Photographs on English sites such as Rightmove are much better than Canadian real estate pix. I don't think Canadians have quite got the hang of these new-fangled "camera" thingies.

The deck is bare, of course; usually in February it would be covered with snow. We are having a very mild winter, but it still goes down to -10º some nights, so planters, etc, are out of the question. People store most of their "deck furniture" during the winter.

People looking at a house have to use their imagination to appreciate how the deck would look in summer, and how rooms would look with their own furniture. Fortunately, in this part of the country, prices are so low that people can buy enough space for their needs.

bojorojo Wed 24-Feb-16 13:40:41

I think people are put off by poor presentation though. They may not have much imagination.

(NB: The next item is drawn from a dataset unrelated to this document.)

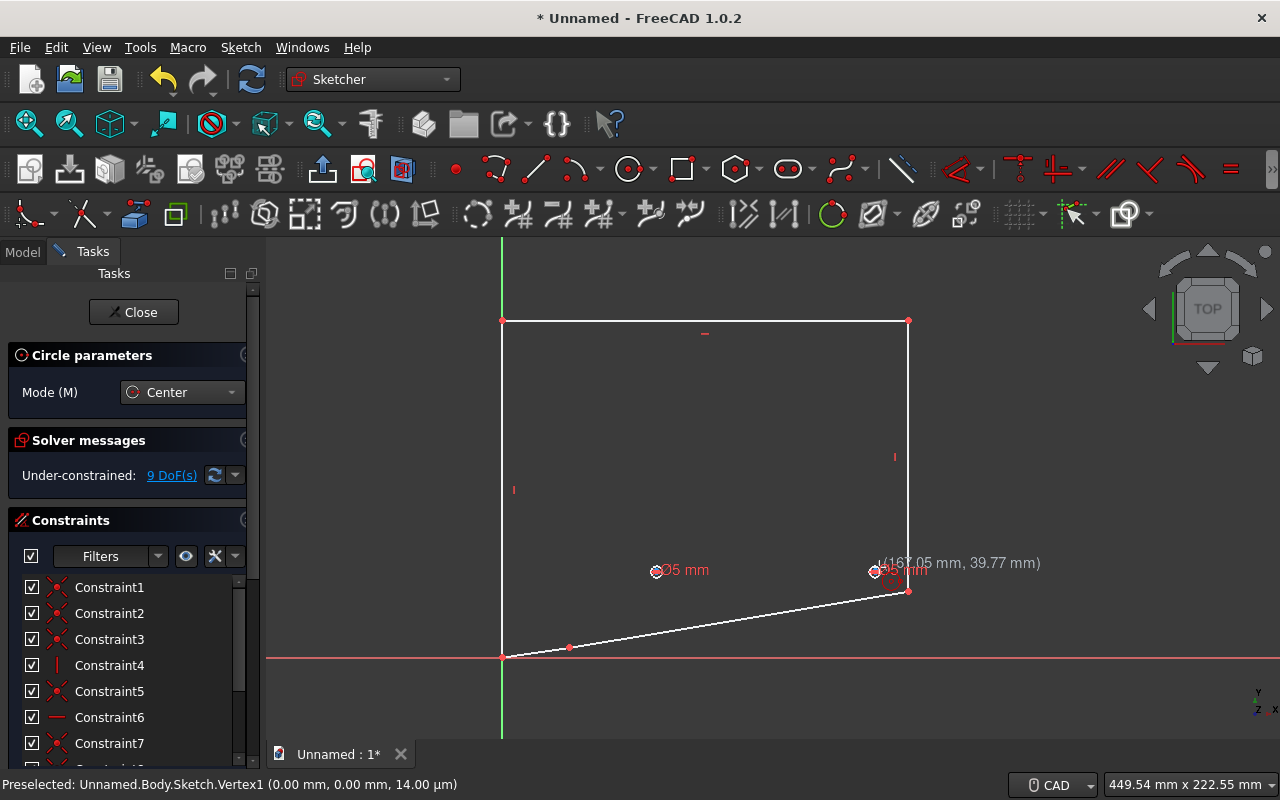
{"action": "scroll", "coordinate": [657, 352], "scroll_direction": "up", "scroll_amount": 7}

They need to see the house as it should be utilised. If some furniture is not really required and is in wraps, can it be stored? Definitely daylight photos and no closed blinds or drapes.

Have a look at the photos used by up-market real estate agents here. For example, Savills, Knight Frank, Hamptons, Humberts, and you will get an idea of how to photo a room to best effect. It is not necessary to have lots and lots of photos, or even every room, but good light photos highlighting space and appropriate use of rooms is good. Avoid photos showing plumbing and clutter and the fact it is close to other properties. Don't worry about the decking. You cannot hide the garage. Good luck.